The primary outcome was cumulative opiod consumption at 24 hours. Secondary outcomes were the
time to the first postoperative fentanyl dose, cumulative fentanyl consumption at 2, 4, 6,
and 12 hours, pain scores at rest and on movement at 2, 4, 6, 12, and 24 hours, the deepest
level of sedation, the incidence of side effects (nausea and vomiting and pruritis), and
patient satisfaction.
Statistically analysis:
Data were entered and statistically analyzed using the Statistical Package for Social
Sciences (SPSS) version 16. Qualitative data were described as numbers and percentages.
Chi-square test and Monte Carlo test were used for comparison between groups, as appropriate.
Quantitative data were described as means (SD) or medians, as appropriate.
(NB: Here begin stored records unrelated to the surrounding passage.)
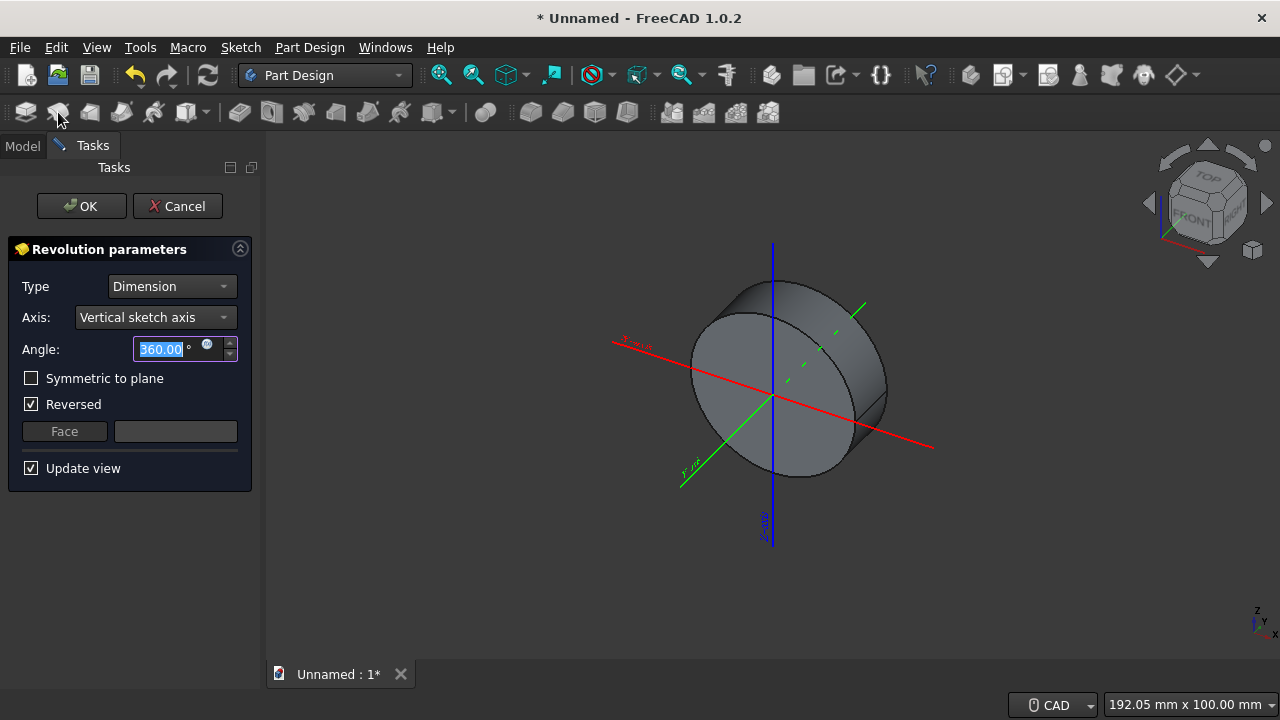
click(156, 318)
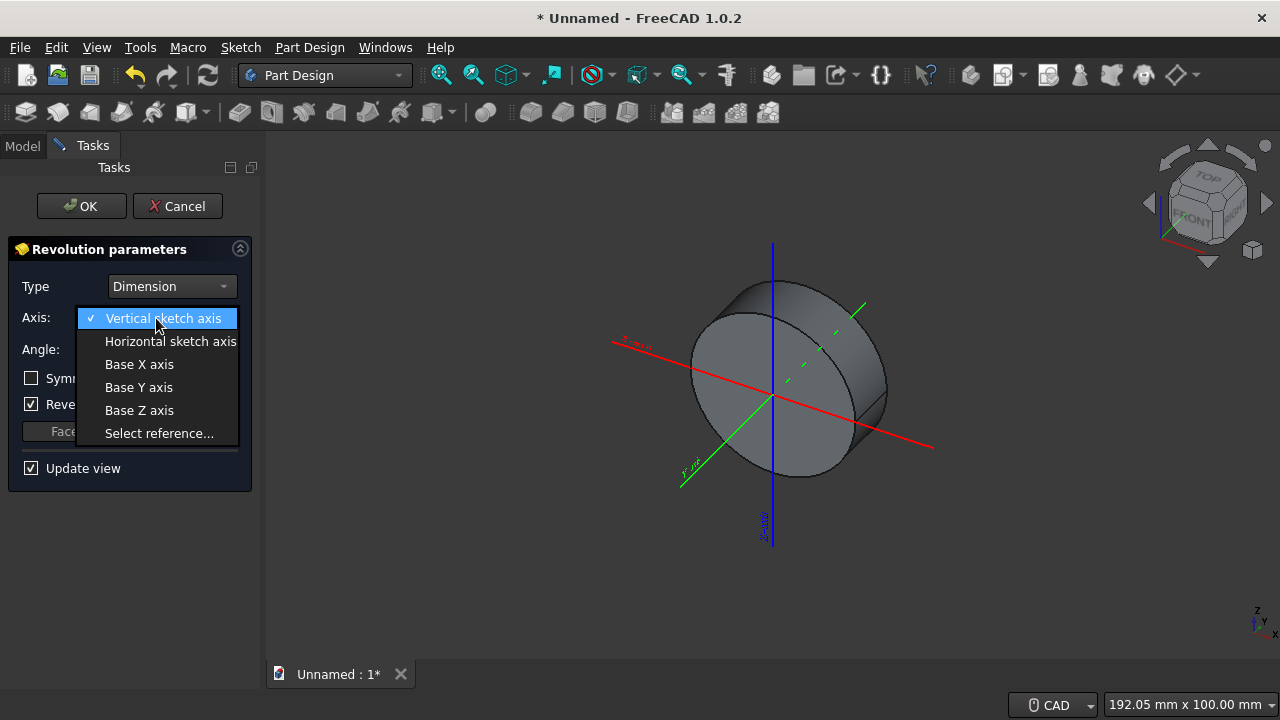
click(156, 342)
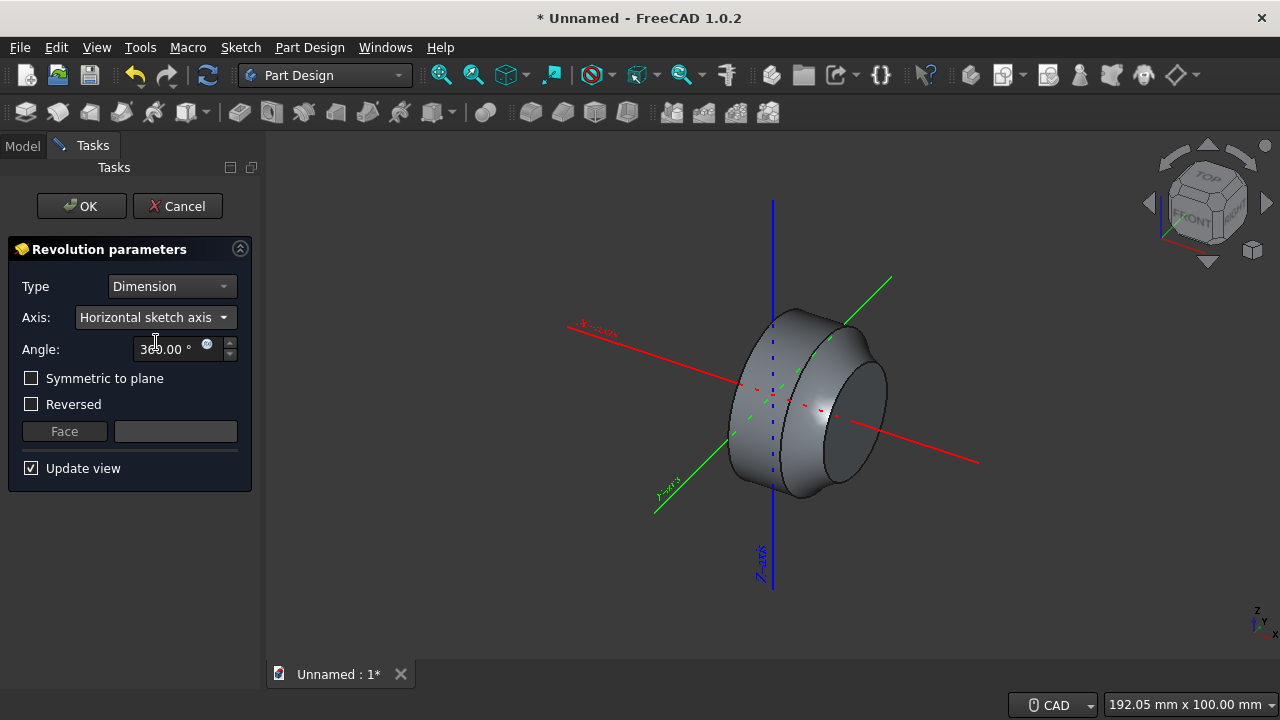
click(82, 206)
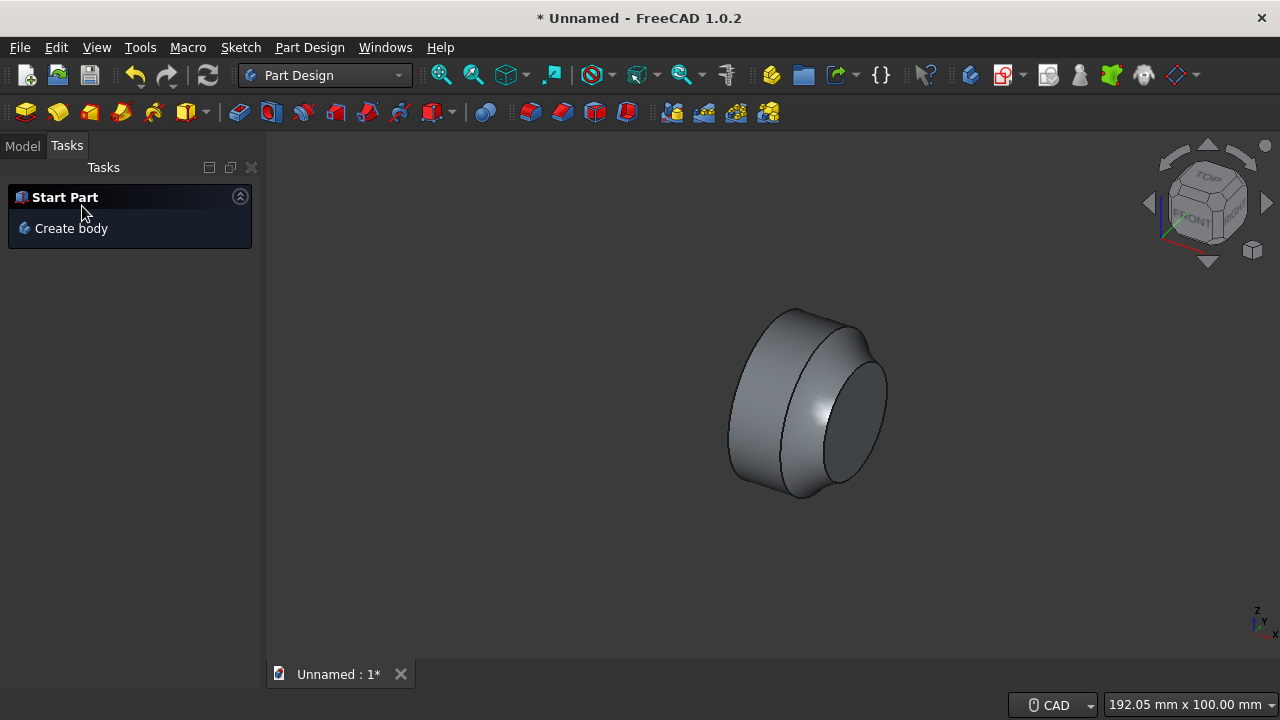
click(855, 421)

They were tested
for normality by Kolmogorov-Smirnov test. In the normally distributed variables, one-way
ANOVA test with LSD post-hoc multiple comparisons was used for comparison between groups. In
the non-normally distributed variables, Kruskal-Wallis test was used for comparison between
groups. -Odds ratios and their 95% confidence interval were calculated. "p-value ≤0.05" was
considered to be statistically significant.